Bulk of him slouches forward in despair and I sense the opportunity to put him at ease.

“Boka, you’re like a dear brother to me. Bear in mind that whatever I’m doing is for our own good. Between prison and freedom, I will win us freedom.”

“But how?”

“Because I’ll become the boss soon.”

“How?”

Bang! Boulders have a way of returning the sound back to you. Back to you. Back to you. Bitter and powdery stuff are stuck to the roof of my palate.

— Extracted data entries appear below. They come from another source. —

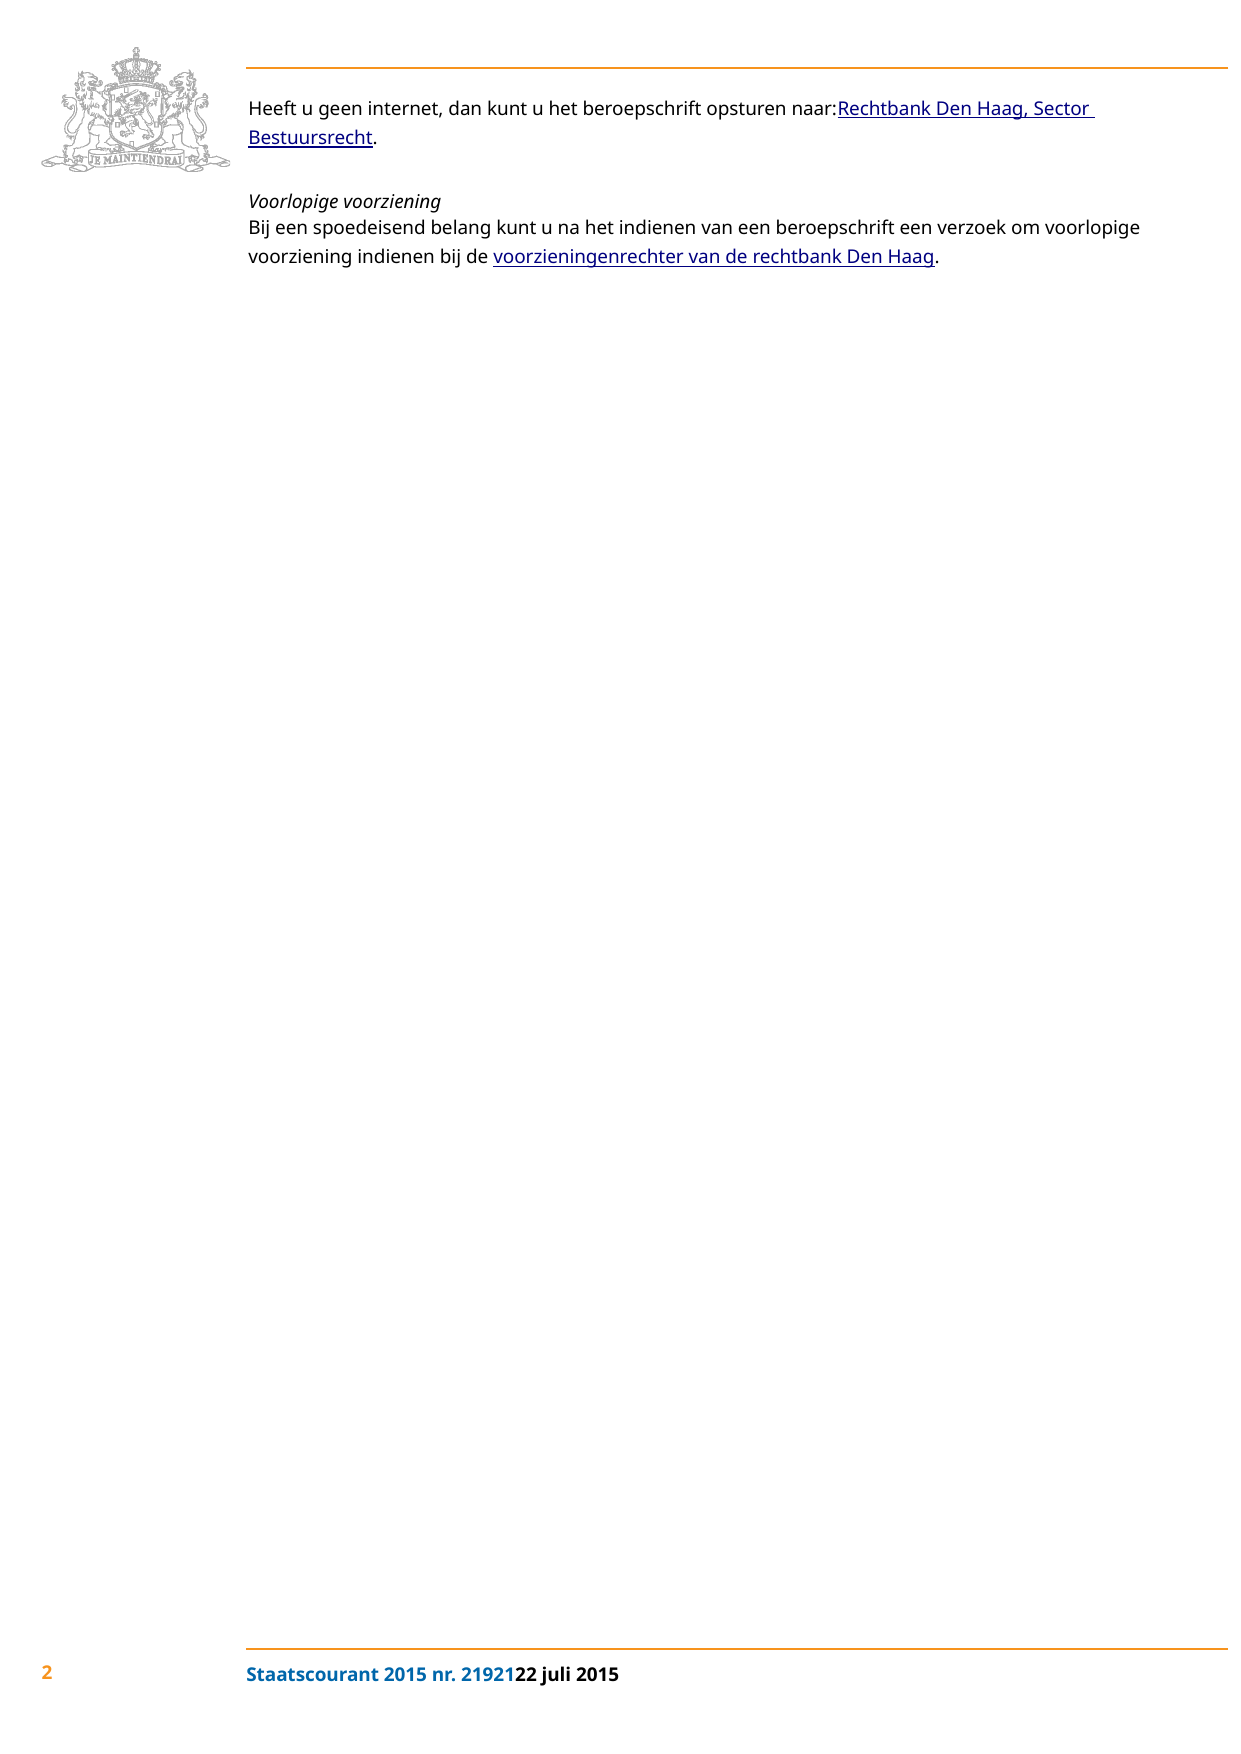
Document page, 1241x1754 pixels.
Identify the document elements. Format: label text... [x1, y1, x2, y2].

picture [41, 47, 231, 172]
text Voorlopige voorziening [248, 188, 1152, 214]
text Bij een spoedeisend belang kunt u na het indienen van een beroepschrift een verzoek om voorlopige voorziening indienen bij de voorzieningenrechter van de rechtbank Den Haag. [248, 214, 1152, 269]
text Heeft u geen internet, dan kunt u het beroepschrift opsturen naar:Rechtbank Den Haag, Sector Bestuursrecht. [248, 95, 1152, 150]

Bodies have a bizarre way of contorting themselves once life is knocked out and by the sight of it you can tell that man needs additional help to make life memorable, or why do the Bee people go to great lengths to make their dead feel remarkable? Boka wouldn’t have done this to me if I had slipped and such faith was dangerous because sooner or later the complacency would have led me to slip up before others. Better Boka than me. Both of us had permanently left. Bears we are now, who can’t live without honey, not because we need it, rather we must have it. Burning my mind and tongue with the Bear gang’s code was not easy, but I did so to stop running and to become an original one day by imitating a bunch of barbarians.

By a lonesome brush, Boka’s head rests. Bridal color is my favorite color I’ve told you, but that doesn’t mean I want to see it on my friend’s face. Bottles of honey jangle in the backpack, which I retrieve into my possession. Beyond a boulder pile I see the giant babool tree under which we had parked our motorbike, and thereto I walk. By the tree’s feet I take rest and twist open a bottle. Before I could take a sip, a bit of heavy and tart buzz tickles the back of my throat, tempting me to say my name, my real one before the Bear gang replaced it with one starting with the letter “b.” Beautiful like a dew drop is how my mother used to describe my name. But my tongue, my mind, couldn’t coordinate to say it anymore. Barred, blocked, blotted, blipped . . . bloody bamboozled bucking bizzarrrrrrrrrd…broooohhh brooooooohhh....

Back home someone remembers my name still and rolls it off the tongue like I’m still there. Bothered not by any code or game. Bewitched not by blood or power. Boka is there too, boasting how burly he is, like a bull. Bedecked in flower and jewelry his bride awaits him to turn in her direction. “Book it!” someone calls before a bullet is fired, and I take a swig of honey. Buzz as sharp as broken glass travels down my trachea, leaving me drained and sad. But like the inconvenient voices of the past, this one too shall be buried.

This story started from a self-challenge, a writing constraint: how about a story where each sentence starts with the letter 'b'? It was whimsical and playful at first, but I started to like the narrative voice that emerged from the challenge. Later, the theme took shape: from the letter 'b' to bees, and everything beautiful and inspiring that species represents, and how that could be a metaphor for societal tension. This story has been at work for many years now. But the more I worked on it, the more natural the constraint felt.